The xmlelement expression produces an XML element with the given name, attributes, and content. The name and attname items shown in the syntax are simple identifiers, not values. The attvalue and content items are expressions, which can yield any Postgres Pro data type. The argument(s) within XMLATTRIBUTES generate attributes of the XML element; the content value(s) are concatenated to form its content.

Examples:

SELECT xmlelement(name foo);

 xmlelement
------------
 <foo/>

SELECT xmlelement(name foo, xmlattributes('xyz' as bar));

    xmlelement
------------------
 <foo bar="xyz"/>

SELECT xmlelement(name foo, xmlattributes(current_date as bar), 'cont', 'ent');

             xmlelement
-------------------------------------
 <foo bar="2007-01-26">content</foo>

Element and attribute names that are not valid XML names are escaped by replacing the offending characters by the sequence _xHHHH_, where HHHH is the character's Unicode codepoint in hexadecimal notation. For example:

SELECT xmlelement(name "foo$bar", xmlattributes('xyz' as "a&b"));

            xmlelement
----------------------------------
 <foo_x0024_bar a_x0026_b="xyz"/>

An explicit attribute name need not be specified if the attribute value is a column reference, in which case the column's name will be used as the attribute name by default. In other cases, the attribute must be given an explicit name. So this example is valid:

CREATE TABLE test (a xml, b xml);
SELECT xmlelement(name test, xmlattributes(a, b)) FROM test;

But these are not:

SELECT xmlelement(name test, xmlattributes('constant'), a, b) FROM test;
SELECT xmlelement(name test, xmlattributes(func(a, b))) FROM test;

Element content, if specified, will be formatted according to its data type. If the content is itself of type xml, complex XML documents can be constructed. For example:

SELECT xmlelement(name foo, xmlattributes('xyz' as bar),
                            xmlelement(name abc),
                            xmlcomment('test'),
                            xmlelement(name xyz));

                  xmlelement
----------------------------------------------
 <foo bar="xyz"><abc/><!--test--><xyz/></foo>

Content of other types will be formatted into valid XML character data. This means in particular that the characters <, >, and & will be converted to entities. Binary data (data type bytea) will be represented in base64 or hex encoding, depending on the setting of the configuration parameter xmlbinary. The particular behavior for individual data types is expected to evolve in order to align the Postgres Pro mappings with those specified in SQL:2006 and later, as discussed in Section D.3.1.3.

9.15.1.4. xmlforest #

xmlforest ( content [ AS name ] [, ...] ) → xml

The xmlforest expression produces an XML forest (sequence) of elements using the given names and content. As for xmlelement, each name must be a simple identifier, while the content expressions can have any data type.

Examples:

SELECT xmlforest('abc' AS foo, 123 AS bar);

          xmlforest
------------------------------
 <foo>abc</foo><bar>123</bar>


SELECT xmlforest(table_name, column_name)
FROM information_schema.columns
WHERE table_schema = 'pg_catalog';

                                xmlforest
------------------------------------​-----------------------------------
 <table_name>pg_authid</table_name>​<column_name>rolname</column_name>
 <table_name>pg_authid</table_name>​<column_name>rolsuper</column_name>
 ...

As seen in the second example, the element name can be omitted if the content value is a column reference, in which case the column name is used by default. Otherwise, a name must be specified.

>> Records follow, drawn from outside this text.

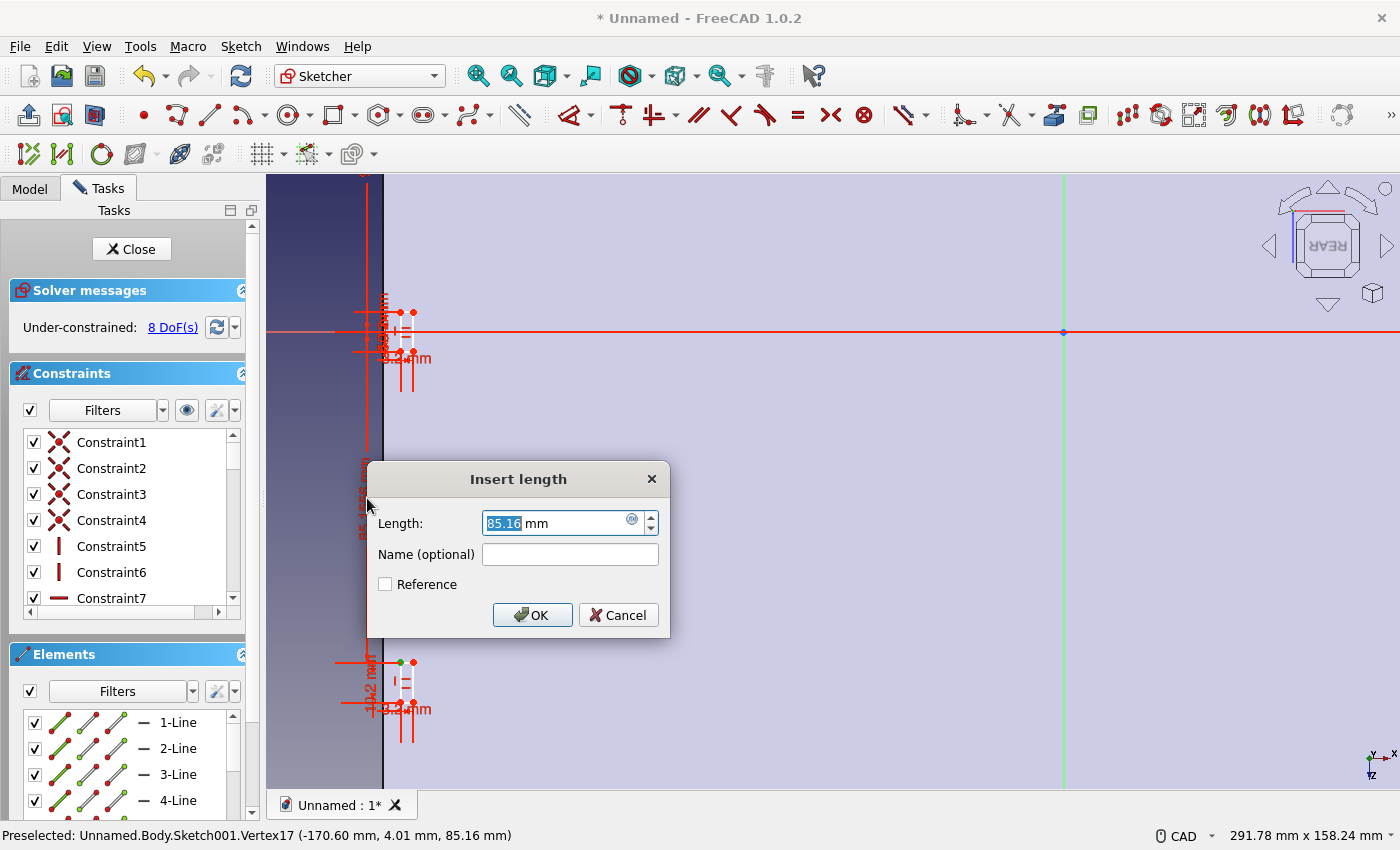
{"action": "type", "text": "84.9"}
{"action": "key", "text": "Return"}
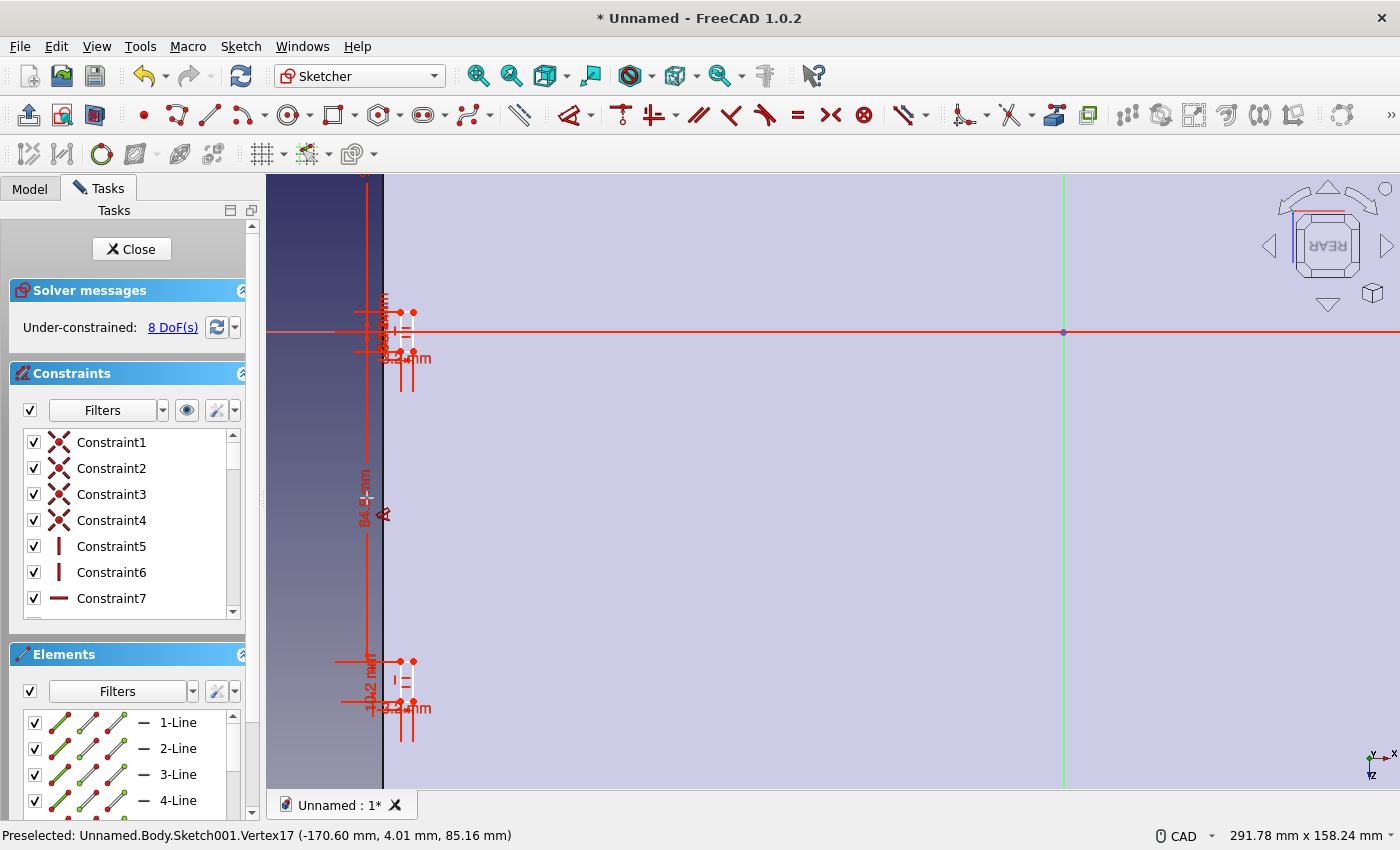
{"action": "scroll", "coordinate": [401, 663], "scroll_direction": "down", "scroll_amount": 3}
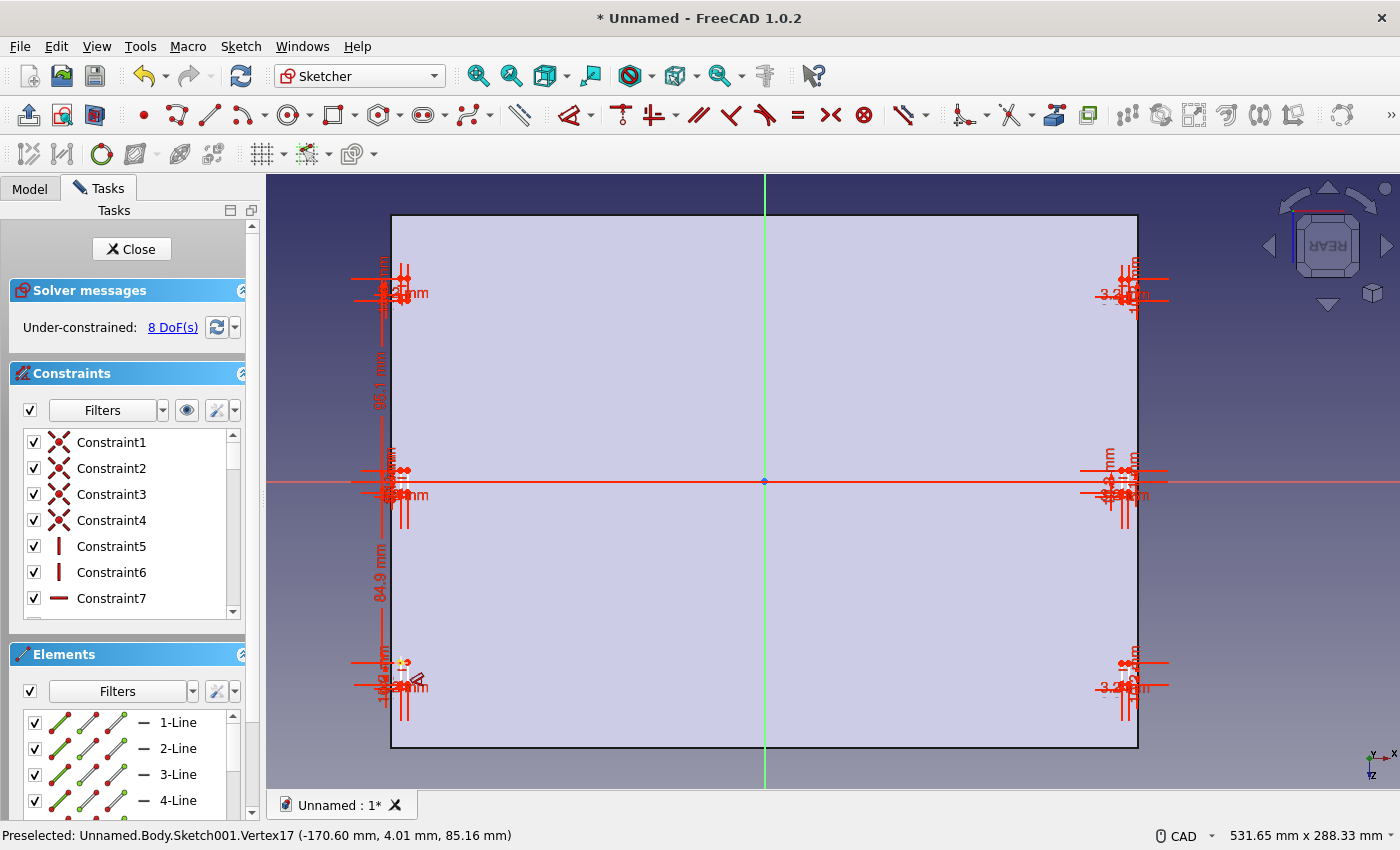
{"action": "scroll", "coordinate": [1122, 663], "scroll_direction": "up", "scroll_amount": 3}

Element names that are not valid XML names are escaped as shown for xmlelement above. Similarly, content data is escaped to make valid XML content, unless it is already of type xml.

Note that XML forests are not valid XML documents if they consist of more than one element, so it might be useful to wrap xmlforest expressions in xmlelement.

9.15.1.5. xmlpi #

xmlpi ( NAME name [, content ] ) → xml

The xmlpi expression creates an XML processing instruction. As for xmlelement, the name must be a simple identifier, while the content expression can have any data type. The content, if present, must not contain the character sequence ?>.

Example:

SELECT xmlpi(name php, 'echo "hello world";');

            xmlpi
-----------------------------
 <?php echo "hello world";?>

9.15.1.6. xmlroot #

xmlroot ( xml, VERSION {text|NO VALUE} [, STANDALONE {YES|NO|NO VALUE} ] ) → xml

The xmlroot expression alters the properties of the root node of an XML value. If a version is specified, it replaces the value in the root node's version declaration; if a standalone setting is specified, it replaces the value in the root node's standalone declaration.

SELECT xmlroot(xmlparse(document '<?xml version="1.1"?><content>abc</content>'),
               version '1.0', standalone yes);

                xmlroot
----------------------------------------
 <?xml version="1.0" standalone="yes"?>
 <content>abc</content>

9.15.1.7. xmlagg #

xmlagg ( xml ) → xml

The function xmlagg is, unlike the other functions described here, an aggregate function. It concatenates the input values to the aggregate function call, much like xmlconcat does, except that concatenation occurs across rows rather than across expressions in a single row. See Section 9.21 for additional information about aggregate functions.

Example:

CREATE TABLE test (y int, x xml);
INSERT INTO test VALUES (1, '<foo>abc</foo>');
INSERT INTO test VALUES (2, '<bar/>');
SELECT xmlagg(x) FROM test;
        xmlagg
----------------------
 <foo>abc</foo><bar/>

To determine the order of the concatenation, an ORDER BY clause may be added to the aggregate call as described in Section 4.2.7. For example:

SELECT xmlagg(x ORDER BY y DESC) FROM test;
        xmlagg
----------------------
 <bar/><foo>abc</foo>

The following non-standard approach used to be recommended in previous versions, and may still be useful in specific cases:

SELECT xmlagg(x) FROM (SELECT * FROM test ORDER BY y DESC) AS tab;
        xmlagg
----------------------
 <bar/><foo>abc</foo>

9.15.2. XML Predicates #

The expressions described in this section check properties of xml values.

9.15.2.1. IS DOCUMENT #

xml IS DOCUMENTboolean

The expression IS DOCUMENT returns true if the argument XML value is a proper XML document, false if it is not (that is, it is a content fragment), or null if the argument is null. See Section 8.13 about the difference between documents and content fragments.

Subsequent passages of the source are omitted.